What are the unique insights that you gain from the program’s industry immersion, as opposed to more general tourist or study experiences?

[The industry immersion was] really the key to it. The agenda is designed to foster understanding, rather than simply show off the country. One of the bigger differences between Australia and South Korea is the work culture, so being given the chance to see that first-hand in huge media organisations, as well as in chaebols and in the government – I don’t think any number of tourist stops will give you that insight.

What was your favourite part of the program and why?

Personally, I loved the chance to visit the Yonhap News Agency. As a young journalist at the time, so much of the news I saw about South Korea carried the Yonhap by-line, so it was wonderful to watch the news wires get sent out firsthand.
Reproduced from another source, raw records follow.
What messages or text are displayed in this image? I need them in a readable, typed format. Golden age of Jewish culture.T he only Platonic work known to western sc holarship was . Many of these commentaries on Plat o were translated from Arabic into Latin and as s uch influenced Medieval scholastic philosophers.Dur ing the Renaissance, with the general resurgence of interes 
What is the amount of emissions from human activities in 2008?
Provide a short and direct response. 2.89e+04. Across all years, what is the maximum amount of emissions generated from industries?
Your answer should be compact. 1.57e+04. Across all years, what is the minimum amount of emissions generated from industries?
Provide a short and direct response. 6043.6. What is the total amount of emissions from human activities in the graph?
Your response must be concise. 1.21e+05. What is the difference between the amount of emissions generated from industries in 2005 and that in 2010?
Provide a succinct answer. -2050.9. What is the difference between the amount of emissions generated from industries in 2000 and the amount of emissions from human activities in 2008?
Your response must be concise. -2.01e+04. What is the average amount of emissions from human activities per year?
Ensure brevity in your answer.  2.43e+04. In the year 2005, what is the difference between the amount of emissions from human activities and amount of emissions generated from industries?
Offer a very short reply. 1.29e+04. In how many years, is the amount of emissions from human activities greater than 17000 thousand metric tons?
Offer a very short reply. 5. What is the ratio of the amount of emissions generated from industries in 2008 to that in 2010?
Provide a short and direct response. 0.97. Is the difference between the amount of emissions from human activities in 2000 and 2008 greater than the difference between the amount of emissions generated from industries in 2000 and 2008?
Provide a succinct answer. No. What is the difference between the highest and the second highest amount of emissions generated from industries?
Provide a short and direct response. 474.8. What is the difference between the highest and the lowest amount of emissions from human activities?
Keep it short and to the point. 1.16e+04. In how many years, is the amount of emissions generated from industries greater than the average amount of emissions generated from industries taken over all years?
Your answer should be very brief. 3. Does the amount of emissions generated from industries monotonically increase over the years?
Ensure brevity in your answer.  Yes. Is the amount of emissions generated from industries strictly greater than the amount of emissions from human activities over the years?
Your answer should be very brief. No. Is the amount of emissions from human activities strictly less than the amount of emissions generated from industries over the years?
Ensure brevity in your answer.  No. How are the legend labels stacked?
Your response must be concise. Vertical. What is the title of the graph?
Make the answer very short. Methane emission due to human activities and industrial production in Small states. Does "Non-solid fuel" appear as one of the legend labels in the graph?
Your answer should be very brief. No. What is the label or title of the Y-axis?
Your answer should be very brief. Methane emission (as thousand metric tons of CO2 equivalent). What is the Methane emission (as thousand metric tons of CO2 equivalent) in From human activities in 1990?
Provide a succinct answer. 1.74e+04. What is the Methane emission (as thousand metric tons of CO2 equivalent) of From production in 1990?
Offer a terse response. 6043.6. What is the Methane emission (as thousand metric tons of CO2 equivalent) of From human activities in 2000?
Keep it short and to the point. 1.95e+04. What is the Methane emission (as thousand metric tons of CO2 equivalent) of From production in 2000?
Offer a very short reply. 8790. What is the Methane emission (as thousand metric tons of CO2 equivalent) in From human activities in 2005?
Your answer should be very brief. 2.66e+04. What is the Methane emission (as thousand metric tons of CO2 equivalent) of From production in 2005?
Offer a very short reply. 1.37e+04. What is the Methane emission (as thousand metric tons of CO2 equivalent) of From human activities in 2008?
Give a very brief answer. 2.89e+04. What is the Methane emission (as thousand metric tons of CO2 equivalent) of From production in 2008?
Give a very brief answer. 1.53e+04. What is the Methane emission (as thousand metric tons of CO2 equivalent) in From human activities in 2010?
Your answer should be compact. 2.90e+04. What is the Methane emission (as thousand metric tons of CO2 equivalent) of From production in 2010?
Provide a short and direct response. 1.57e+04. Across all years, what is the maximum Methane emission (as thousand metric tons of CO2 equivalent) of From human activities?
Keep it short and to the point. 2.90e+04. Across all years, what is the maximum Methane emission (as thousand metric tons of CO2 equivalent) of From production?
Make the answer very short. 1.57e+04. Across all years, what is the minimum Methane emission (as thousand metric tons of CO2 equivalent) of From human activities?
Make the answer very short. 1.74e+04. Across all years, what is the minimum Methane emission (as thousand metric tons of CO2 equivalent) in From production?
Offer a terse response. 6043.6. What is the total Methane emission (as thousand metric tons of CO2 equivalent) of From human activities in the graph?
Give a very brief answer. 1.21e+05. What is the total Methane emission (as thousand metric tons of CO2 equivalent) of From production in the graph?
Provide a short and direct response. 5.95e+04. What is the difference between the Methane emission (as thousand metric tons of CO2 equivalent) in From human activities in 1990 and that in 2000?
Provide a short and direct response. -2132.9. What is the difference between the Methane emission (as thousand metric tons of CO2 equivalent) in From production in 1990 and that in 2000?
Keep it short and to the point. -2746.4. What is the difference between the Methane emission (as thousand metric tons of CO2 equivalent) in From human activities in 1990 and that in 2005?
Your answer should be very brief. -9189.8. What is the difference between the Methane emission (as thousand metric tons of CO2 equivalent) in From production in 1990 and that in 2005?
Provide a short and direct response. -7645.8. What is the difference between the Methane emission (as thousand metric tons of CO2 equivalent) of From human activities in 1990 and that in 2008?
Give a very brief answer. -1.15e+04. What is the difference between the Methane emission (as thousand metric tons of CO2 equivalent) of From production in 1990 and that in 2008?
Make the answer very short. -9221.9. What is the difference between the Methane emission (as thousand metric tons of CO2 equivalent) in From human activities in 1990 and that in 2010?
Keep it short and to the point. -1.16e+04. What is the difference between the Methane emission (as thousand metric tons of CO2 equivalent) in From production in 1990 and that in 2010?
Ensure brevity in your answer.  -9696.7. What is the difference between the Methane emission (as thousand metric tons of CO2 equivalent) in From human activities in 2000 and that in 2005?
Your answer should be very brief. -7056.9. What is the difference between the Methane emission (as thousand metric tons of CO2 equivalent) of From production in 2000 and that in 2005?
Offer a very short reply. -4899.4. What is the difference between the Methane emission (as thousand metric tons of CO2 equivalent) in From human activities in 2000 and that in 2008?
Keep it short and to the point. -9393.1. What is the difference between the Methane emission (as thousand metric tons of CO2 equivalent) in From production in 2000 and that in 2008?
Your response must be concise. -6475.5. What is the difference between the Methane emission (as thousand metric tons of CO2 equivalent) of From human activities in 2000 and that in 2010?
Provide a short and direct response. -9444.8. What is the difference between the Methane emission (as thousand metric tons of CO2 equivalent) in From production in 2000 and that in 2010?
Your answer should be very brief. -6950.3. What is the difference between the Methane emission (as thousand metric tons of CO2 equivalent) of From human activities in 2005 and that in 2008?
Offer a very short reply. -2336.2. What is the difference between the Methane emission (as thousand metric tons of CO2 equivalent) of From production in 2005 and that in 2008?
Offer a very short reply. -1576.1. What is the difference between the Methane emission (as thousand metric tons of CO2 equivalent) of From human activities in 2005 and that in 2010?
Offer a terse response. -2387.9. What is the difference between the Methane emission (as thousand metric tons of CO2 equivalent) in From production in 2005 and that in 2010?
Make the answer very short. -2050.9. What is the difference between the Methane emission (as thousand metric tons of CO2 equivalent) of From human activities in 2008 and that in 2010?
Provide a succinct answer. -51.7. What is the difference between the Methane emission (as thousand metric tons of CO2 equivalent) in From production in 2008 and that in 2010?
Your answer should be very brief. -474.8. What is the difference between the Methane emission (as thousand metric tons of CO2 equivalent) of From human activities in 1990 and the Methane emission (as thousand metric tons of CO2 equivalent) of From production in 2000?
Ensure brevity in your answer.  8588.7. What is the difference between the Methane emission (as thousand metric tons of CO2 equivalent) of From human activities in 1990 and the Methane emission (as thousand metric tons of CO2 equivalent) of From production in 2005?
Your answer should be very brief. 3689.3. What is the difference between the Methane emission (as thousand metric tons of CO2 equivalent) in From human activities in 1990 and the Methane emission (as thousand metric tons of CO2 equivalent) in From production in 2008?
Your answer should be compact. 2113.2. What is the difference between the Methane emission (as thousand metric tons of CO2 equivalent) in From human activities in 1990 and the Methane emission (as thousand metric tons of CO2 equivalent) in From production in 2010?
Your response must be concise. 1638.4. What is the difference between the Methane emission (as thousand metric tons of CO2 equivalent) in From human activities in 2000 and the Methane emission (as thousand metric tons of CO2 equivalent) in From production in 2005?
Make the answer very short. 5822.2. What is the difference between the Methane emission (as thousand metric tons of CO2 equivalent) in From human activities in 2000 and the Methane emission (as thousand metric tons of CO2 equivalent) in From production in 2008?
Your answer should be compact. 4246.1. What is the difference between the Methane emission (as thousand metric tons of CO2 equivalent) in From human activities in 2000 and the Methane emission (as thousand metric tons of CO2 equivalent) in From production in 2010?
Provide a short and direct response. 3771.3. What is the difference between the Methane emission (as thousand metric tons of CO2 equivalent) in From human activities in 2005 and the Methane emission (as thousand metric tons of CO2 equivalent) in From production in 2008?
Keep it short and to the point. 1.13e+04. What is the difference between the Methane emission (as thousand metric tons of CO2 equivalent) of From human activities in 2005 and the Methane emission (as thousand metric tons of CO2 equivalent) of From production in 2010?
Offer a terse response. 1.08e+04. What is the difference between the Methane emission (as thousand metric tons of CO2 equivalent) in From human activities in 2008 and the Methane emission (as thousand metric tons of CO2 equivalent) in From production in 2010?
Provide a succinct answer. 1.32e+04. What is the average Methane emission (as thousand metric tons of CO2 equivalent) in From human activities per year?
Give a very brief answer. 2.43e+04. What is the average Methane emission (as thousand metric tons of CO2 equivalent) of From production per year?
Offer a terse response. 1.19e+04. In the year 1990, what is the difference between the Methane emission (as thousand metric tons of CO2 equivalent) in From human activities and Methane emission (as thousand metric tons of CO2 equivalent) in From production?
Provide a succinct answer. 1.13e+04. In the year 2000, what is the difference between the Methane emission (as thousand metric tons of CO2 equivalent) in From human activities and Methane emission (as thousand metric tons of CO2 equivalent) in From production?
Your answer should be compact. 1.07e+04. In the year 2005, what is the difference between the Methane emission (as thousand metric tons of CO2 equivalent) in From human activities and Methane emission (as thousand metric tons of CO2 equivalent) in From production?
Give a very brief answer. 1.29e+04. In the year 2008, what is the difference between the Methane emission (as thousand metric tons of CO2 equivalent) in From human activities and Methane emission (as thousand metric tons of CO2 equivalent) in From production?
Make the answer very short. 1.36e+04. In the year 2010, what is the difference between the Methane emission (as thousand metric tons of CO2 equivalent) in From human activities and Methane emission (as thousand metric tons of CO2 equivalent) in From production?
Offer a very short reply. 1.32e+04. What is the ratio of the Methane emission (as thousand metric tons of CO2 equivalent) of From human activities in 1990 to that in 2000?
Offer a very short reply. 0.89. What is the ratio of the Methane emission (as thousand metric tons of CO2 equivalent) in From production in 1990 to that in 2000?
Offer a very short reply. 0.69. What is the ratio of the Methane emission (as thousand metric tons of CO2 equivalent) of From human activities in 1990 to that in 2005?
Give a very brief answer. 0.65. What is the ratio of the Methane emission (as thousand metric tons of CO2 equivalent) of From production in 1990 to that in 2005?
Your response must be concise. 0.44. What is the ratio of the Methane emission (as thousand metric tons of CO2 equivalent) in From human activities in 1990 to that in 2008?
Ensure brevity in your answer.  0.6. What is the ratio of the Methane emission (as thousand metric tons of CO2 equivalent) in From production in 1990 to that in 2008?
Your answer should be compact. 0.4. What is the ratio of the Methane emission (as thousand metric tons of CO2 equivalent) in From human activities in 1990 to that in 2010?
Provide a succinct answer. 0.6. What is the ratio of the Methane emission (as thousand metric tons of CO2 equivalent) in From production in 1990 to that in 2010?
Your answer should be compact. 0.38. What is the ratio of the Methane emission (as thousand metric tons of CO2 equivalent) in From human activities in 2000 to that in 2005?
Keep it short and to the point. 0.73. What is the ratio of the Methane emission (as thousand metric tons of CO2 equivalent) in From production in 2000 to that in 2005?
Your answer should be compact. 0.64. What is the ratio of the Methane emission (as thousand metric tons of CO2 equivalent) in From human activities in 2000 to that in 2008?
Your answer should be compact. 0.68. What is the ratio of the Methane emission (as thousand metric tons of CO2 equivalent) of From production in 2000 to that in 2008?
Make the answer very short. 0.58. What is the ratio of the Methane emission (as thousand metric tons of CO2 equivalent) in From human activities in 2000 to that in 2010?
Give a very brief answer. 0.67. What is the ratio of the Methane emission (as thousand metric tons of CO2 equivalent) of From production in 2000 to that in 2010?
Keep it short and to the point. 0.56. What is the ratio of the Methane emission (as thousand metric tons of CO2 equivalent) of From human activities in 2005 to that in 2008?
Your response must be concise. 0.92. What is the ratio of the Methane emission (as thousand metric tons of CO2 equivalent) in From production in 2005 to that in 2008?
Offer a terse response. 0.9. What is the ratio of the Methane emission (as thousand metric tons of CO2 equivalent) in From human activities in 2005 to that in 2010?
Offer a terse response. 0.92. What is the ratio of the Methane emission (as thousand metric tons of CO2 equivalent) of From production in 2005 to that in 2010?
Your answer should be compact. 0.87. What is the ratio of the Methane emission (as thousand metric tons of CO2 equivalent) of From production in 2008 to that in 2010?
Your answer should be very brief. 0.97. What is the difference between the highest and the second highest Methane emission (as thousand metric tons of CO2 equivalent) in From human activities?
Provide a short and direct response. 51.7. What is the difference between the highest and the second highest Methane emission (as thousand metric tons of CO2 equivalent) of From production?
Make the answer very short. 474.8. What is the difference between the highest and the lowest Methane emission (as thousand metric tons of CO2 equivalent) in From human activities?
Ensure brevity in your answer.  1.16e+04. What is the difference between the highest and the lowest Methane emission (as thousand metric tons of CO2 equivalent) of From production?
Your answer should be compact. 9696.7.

In your opinion, particularly given your continued involvement with KACS, how has the program evolved over the years?

I’m so happy – and even a little bit jealous – to see what the subsequent scholars have been able to experience. The program has expanded to allow time for an army immersion, which by all accounts has become the highlight of the program. I think this is an excellent way to bring young Australians and young Koreans together. It sounds very challenging, but also like a lot of fun. It’s also heartwarming to see the community that we’ve built back in Australia. The 2015 cohort has stayed in touch with each other and several times a year we get together with the members of subsequent years to compare notes, share stories, food, and soju!

Special thanks to Christina Guo, Elliott’s fellow scholarship recipient, for sharing photos from the trip that are included in this article. To see more of her work, please visit:

Looking ahead…

2020 Applications for the KACS Media Scholarship will open early next year. If you are interested in finding out more about the program, feel free to reach out to Elliott through LinkedIn or email (ebre5300(at) You can also check out this SBS interview with some of the 2016 Scholarship Recipients.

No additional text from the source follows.